(EXERCISE BRIEF)
In the records below, find the line containing "q7.face_3 = draft", then extract that line and all subsequent lines exactly, leaving out everything else.

(SUPPLIED MATERIAL)
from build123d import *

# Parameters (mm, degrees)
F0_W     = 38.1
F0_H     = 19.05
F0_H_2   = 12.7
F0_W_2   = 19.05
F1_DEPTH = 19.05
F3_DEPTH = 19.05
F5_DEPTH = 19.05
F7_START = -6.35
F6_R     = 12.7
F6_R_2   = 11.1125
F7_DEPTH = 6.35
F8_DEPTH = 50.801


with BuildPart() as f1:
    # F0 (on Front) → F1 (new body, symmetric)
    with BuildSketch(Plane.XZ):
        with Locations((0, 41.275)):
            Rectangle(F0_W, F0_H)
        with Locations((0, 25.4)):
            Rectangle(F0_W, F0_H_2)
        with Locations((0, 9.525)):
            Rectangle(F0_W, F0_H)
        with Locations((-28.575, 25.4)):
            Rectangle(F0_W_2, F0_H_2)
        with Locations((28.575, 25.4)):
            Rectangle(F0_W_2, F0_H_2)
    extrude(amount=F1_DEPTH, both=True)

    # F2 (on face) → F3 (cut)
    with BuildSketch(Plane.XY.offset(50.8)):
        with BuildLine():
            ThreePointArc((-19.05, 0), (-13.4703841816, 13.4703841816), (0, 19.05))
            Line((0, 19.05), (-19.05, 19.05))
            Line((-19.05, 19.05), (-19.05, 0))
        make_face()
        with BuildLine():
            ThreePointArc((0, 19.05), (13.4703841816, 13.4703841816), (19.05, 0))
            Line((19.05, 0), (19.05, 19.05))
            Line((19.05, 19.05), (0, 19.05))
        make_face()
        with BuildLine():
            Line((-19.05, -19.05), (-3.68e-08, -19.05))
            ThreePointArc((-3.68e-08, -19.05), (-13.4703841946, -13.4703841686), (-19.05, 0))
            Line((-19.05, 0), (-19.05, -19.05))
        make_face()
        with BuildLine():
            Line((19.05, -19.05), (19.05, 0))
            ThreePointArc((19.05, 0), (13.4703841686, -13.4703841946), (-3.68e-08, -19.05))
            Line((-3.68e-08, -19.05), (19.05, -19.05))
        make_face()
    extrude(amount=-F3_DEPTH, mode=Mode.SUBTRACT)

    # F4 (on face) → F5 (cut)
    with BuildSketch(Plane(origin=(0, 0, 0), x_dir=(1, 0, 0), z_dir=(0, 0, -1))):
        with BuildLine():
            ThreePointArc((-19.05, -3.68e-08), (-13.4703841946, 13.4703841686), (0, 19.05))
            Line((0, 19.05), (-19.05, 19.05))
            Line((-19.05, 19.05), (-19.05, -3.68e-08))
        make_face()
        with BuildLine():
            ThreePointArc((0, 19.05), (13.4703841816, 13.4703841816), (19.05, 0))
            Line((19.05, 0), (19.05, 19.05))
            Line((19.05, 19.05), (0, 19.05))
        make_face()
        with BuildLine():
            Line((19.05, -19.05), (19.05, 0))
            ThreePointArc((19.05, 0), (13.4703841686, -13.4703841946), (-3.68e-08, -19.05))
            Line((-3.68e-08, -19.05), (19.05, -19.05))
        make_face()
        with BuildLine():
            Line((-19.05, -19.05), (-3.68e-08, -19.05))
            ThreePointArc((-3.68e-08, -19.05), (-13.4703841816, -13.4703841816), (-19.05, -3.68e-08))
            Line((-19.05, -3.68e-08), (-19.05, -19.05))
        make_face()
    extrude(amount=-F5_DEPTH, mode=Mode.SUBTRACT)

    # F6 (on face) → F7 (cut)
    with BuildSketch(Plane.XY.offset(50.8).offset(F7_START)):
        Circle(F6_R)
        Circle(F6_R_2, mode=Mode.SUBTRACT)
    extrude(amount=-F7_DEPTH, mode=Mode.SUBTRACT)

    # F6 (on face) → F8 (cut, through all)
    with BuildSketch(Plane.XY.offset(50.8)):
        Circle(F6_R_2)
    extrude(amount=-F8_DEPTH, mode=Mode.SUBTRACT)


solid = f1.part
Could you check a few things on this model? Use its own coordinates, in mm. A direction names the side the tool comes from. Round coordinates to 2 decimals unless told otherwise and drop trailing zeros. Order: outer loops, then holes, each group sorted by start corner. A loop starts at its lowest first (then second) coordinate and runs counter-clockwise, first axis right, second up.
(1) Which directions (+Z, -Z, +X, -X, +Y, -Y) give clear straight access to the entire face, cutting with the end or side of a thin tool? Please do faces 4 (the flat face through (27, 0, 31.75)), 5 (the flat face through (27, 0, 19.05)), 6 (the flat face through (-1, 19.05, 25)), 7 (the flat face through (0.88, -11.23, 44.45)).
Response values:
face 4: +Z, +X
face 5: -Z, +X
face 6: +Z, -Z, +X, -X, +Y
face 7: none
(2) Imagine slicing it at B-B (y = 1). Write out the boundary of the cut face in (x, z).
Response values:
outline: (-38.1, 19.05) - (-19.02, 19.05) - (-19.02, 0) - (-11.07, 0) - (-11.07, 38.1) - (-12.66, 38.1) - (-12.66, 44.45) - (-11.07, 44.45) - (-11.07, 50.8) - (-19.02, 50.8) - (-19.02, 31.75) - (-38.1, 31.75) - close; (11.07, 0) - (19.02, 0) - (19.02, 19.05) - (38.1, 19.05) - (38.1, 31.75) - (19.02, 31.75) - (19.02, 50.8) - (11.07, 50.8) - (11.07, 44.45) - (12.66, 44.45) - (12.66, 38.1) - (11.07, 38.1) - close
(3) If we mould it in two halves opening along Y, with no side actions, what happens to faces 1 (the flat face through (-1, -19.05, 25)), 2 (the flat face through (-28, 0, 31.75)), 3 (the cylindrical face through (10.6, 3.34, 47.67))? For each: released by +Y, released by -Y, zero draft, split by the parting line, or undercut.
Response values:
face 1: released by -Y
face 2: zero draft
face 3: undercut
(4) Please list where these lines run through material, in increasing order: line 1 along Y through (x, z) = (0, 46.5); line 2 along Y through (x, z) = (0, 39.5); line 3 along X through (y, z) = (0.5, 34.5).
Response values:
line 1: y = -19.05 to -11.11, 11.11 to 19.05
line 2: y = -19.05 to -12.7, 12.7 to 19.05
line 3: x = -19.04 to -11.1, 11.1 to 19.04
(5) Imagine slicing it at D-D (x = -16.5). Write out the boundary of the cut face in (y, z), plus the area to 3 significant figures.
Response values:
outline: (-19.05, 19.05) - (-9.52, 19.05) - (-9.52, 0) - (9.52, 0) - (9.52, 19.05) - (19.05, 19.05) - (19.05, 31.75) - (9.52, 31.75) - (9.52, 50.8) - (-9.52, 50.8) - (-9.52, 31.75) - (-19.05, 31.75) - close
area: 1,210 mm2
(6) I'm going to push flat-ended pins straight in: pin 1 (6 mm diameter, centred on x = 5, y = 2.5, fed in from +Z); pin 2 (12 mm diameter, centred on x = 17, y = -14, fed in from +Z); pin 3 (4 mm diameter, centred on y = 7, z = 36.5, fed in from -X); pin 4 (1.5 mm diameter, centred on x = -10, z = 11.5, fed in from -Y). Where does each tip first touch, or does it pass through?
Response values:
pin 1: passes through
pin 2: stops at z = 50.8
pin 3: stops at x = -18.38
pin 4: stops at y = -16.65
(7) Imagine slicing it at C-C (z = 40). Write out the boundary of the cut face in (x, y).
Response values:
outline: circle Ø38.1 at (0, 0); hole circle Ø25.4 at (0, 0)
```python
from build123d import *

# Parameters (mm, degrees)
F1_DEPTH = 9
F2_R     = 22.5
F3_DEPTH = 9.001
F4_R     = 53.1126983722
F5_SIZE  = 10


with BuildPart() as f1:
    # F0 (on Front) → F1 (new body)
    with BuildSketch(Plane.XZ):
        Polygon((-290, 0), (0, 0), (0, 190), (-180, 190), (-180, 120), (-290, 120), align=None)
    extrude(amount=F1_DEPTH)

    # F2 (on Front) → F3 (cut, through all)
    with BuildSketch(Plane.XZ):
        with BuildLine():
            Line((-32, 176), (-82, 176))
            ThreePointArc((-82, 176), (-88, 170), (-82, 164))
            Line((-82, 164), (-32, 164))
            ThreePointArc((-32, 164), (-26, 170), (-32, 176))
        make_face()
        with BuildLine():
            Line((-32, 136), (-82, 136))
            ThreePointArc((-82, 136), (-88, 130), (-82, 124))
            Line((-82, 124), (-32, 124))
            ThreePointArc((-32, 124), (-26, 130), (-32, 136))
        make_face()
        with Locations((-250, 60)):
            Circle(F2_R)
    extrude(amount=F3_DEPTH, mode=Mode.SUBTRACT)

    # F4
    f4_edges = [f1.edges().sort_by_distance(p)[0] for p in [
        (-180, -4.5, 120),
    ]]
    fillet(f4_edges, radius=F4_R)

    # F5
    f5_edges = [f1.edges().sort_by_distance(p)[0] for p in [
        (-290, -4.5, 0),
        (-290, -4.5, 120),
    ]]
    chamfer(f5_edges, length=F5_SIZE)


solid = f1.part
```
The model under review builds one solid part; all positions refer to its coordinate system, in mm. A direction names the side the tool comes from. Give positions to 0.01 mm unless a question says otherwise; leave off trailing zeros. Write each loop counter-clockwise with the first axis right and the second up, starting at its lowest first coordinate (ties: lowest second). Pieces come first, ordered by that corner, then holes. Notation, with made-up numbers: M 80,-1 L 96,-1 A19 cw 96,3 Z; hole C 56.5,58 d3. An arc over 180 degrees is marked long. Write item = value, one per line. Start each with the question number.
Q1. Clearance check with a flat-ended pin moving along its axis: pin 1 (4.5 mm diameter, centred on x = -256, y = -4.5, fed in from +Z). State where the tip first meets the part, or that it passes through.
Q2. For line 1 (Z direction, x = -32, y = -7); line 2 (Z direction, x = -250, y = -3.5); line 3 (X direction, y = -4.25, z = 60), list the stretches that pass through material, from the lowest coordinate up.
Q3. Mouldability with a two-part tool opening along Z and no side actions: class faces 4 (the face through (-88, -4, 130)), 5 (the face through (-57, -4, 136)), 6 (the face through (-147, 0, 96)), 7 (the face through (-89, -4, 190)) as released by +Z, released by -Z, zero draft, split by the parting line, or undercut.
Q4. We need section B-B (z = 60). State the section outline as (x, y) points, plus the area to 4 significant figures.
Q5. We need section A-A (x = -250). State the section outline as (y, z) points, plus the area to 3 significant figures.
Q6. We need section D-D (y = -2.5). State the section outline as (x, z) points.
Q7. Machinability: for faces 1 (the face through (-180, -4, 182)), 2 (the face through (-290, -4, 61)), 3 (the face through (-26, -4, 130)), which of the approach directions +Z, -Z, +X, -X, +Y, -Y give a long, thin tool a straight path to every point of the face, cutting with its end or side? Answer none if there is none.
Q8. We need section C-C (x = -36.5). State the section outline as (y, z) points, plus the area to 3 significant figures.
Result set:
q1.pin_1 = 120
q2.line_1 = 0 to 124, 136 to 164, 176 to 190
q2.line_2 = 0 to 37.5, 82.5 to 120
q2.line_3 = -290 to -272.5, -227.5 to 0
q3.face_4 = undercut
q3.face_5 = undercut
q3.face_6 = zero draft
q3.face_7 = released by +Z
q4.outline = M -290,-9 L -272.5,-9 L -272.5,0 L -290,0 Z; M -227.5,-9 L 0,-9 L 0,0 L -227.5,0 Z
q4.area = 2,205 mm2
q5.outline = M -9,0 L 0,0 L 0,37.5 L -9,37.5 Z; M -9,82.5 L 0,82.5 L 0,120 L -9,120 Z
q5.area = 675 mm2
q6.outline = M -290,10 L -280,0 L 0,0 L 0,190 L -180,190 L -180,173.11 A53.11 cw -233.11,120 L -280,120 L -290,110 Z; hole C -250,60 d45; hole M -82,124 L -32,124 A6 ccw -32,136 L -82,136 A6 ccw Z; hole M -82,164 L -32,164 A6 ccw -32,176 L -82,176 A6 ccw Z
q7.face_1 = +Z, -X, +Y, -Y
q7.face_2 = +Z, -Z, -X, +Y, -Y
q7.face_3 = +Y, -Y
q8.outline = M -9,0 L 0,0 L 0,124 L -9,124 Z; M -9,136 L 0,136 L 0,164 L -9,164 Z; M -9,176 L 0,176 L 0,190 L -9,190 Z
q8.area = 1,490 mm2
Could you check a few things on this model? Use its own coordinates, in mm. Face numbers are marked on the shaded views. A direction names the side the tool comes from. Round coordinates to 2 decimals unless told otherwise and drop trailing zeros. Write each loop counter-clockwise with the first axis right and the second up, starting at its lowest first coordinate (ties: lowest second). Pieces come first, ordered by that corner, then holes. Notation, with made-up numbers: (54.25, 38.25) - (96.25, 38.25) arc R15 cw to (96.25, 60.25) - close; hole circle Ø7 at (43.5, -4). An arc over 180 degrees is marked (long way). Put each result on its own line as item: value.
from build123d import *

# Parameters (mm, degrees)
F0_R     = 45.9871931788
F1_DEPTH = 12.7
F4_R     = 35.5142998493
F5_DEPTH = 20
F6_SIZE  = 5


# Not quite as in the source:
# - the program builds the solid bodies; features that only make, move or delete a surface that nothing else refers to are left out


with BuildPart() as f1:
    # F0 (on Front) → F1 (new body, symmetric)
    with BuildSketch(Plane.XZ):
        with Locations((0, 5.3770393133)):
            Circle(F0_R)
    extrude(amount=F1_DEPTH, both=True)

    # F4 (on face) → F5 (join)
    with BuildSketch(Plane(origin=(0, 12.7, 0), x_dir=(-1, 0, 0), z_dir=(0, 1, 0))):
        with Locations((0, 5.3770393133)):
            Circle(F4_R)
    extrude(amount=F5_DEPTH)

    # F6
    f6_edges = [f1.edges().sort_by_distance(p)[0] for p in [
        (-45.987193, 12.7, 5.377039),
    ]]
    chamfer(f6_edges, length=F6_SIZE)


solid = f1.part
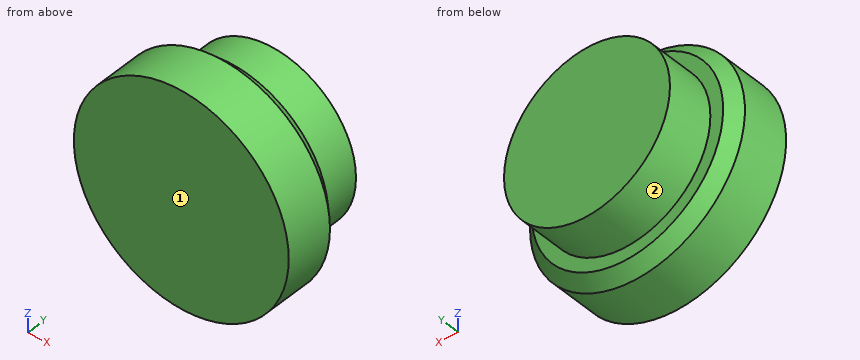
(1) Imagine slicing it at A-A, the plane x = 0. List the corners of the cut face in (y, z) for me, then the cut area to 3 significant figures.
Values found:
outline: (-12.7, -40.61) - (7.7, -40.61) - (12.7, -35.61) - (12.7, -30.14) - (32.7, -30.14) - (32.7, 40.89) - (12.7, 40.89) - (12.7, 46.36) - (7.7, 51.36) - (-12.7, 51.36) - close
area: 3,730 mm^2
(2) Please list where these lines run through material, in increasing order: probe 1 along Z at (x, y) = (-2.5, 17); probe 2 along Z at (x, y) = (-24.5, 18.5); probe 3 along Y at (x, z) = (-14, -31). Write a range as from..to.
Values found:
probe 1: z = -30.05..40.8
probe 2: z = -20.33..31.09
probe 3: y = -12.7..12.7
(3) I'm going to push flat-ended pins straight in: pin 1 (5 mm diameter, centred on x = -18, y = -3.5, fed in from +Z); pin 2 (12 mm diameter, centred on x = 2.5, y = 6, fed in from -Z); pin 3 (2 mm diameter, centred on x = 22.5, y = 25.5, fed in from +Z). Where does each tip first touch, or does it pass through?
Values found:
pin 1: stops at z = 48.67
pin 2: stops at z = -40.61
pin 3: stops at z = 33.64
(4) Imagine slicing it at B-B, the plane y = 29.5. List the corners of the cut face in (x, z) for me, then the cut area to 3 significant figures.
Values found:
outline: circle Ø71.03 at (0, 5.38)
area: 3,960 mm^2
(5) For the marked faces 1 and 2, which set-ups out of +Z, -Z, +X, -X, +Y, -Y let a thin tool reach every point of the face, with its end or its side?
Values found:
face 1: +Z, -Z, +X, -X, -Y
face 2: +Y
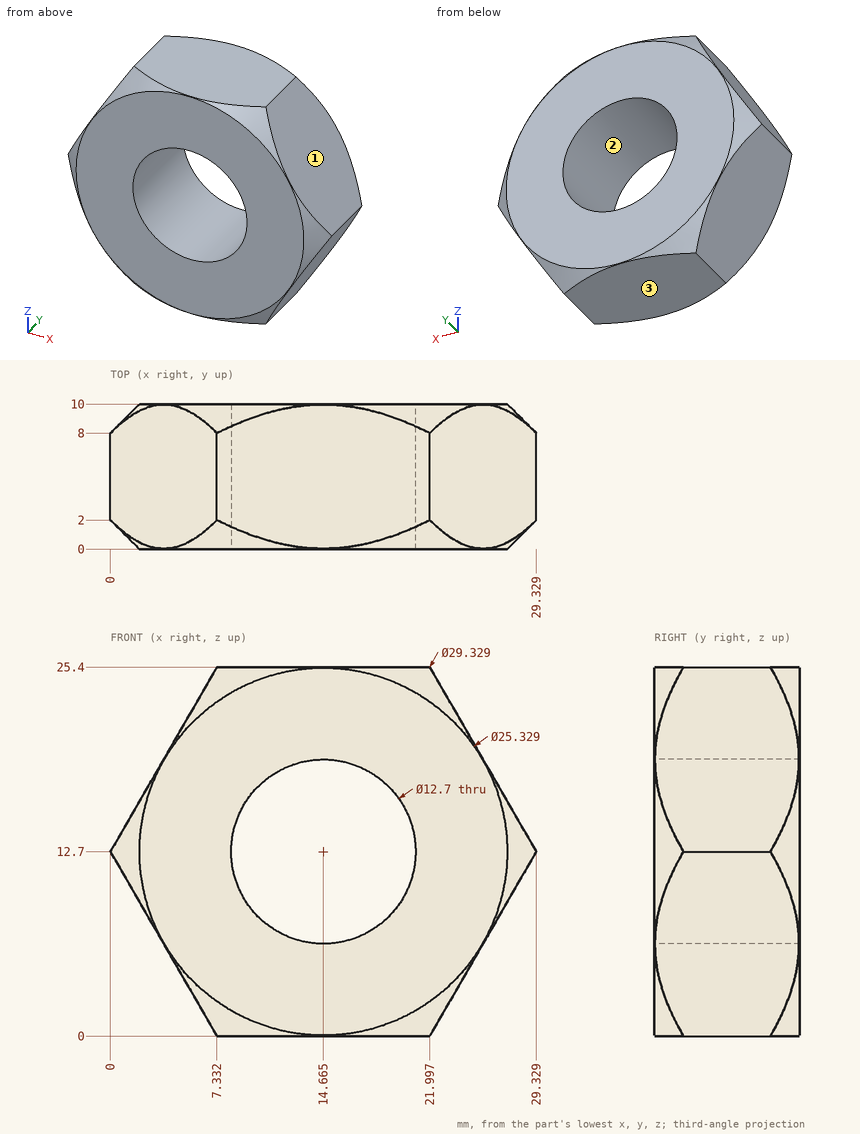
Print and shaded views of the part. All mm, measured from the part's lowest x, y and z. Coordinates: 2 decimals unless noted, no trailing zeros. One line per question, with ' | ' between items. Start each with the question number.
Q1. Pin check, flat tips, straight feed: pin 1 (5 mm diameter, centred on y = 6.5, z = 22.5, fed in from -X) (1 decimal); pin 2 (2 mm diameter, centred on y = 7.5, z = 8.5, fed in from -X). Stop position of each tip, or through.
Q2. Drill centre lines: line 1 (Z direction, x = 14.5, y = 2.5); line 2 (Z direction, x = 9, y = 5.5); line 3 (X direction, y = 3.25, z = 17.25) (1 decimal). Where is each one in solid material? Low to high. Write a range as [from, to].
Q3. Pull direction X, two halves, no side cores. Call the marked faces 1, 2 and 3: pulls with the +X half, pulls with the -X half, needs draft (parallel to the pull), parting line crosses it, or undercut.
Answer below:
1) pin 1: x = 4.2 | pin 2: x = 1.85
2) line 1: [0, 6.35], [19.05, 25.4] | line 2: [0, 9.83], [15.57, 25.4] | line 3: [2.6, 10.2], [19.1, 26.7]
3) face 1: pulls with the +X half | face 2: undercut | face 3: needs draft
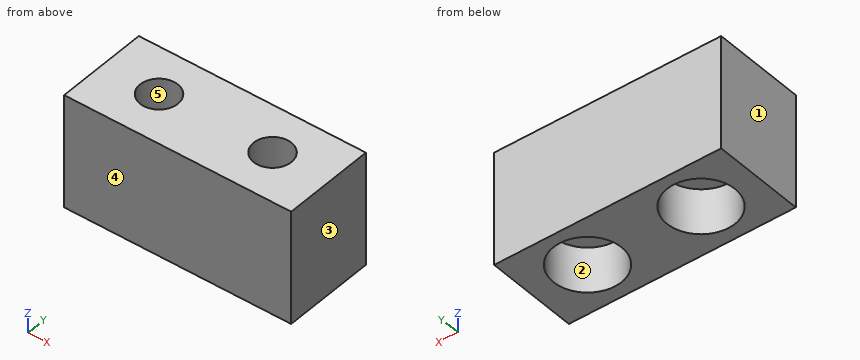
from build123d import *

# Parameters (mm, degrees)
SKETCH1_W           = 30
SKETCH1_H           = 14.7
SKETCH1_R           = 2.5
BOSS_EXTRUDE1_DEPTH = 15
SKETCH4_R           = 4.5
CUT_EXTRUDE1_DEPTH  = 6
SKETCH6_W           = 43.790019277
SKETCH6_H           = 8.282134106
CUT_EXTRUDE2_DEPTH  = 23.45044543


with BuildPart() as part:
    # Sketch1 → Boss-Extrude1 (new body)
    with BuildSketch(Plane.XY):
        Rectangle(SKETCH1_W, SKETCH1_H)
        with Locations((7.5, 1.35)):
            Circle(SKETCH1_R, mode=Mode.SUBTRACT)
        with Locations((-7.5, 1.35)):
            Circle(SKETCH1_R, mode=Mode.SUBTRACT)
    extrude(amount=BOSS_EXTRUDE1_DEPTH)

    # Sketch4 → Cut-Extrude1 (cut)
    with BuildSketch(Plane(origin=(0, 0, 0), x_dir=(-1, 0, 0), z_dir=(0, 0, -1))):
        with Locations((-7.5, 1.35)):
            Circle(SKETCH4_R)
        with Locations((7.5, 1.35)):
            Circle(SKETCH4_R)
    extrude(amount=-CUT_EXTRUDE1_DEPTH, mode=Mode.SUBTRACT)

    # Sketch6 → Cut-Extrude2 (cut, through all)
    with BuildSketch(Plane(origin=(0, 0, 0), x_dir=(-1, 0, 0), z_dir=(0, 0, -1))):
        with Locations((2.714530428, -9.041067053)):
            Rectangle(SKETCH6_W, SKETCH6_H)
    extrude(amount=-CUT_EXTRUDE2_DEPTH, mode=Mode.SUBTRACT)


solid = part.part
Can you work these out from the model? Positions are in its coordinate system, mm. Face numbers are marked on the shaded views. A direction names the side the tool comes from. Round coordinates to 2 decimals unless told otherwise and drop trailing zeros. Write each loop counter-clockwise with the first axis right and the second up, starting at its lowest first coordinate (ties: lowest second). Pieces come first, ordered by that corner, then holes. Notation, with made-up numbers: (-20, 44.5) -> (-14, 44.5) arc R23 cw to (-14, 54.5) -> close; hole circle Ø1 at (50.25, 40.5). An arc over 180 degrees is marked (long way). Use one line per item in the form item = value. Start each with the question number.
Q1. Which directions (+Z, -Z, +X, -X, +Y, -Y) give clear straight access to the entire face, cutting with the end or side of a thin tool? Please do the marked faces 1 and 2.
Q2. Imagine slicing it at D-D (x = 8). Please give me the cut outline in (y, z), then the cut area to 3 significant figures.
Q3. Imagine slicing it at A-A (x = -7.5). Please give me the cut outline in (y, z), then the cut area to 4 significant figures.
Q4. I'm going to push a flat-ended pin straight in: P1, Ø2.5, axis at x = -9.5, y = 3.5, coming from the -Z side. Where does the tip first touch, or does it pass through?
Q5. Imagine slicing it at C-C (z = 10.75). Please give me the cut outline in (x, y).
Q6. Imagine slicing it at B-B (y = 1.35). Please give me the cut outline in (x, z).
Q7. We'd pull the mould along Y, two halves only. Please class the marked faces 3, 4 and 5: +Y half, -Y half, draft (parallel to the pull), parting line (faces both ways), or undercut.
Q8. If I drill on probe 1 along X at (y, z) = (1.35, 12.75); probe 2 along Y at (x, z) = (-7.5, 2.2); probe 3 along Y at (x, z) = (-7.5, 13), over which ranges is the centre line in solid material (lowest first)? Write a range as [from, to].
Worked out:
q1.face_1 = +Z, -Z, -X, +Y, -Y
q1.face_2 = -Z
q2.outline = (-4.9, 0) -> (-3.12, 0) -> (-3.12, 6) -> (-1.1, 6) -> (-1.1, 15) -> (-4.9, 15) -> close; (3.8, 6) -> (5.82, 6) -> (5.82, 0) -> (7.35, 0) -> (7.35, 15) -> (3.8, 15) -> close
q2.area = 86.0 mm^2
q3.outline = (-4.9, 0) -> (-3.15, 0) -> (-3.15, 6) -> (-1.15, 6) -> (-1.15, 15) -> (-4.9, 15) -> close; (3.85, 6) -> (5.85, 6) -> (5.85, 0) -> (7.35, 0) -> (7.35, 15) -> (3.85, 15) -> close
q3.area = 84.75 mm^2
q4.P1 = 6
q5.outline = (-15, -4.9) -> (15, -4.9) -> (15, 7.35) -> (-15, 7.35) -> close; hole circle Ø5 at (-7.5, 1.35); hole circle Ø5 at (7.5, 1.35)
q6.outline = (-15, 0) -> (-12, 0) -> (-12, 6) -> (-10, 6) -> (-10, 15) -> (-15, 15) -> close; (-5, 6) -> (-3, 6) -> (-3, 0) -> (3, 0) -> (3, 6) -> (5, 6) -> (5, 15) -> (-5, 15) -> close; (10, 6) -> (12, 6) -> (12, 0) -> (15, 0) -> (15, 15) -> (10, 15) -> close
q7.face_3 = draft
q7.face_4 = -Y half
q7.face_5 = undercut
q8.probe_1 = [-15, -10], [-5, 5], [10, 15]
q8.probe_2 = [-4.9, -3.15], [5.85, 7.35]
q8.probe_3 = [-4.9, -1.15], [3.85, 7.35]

(SOLVED PROBLEM)
q7.face_3 = draft
q7.face_4 = -Y half
q7.face_5 = undercut
q8.probe_1 = [-15, -10], [-5, 5], [10, 15]
q8.probe_2 = [-4.9, -3.15], [5.85, 7.35]
q8.probe_3 = [-4.9, -1.15], [3.85, 7.35]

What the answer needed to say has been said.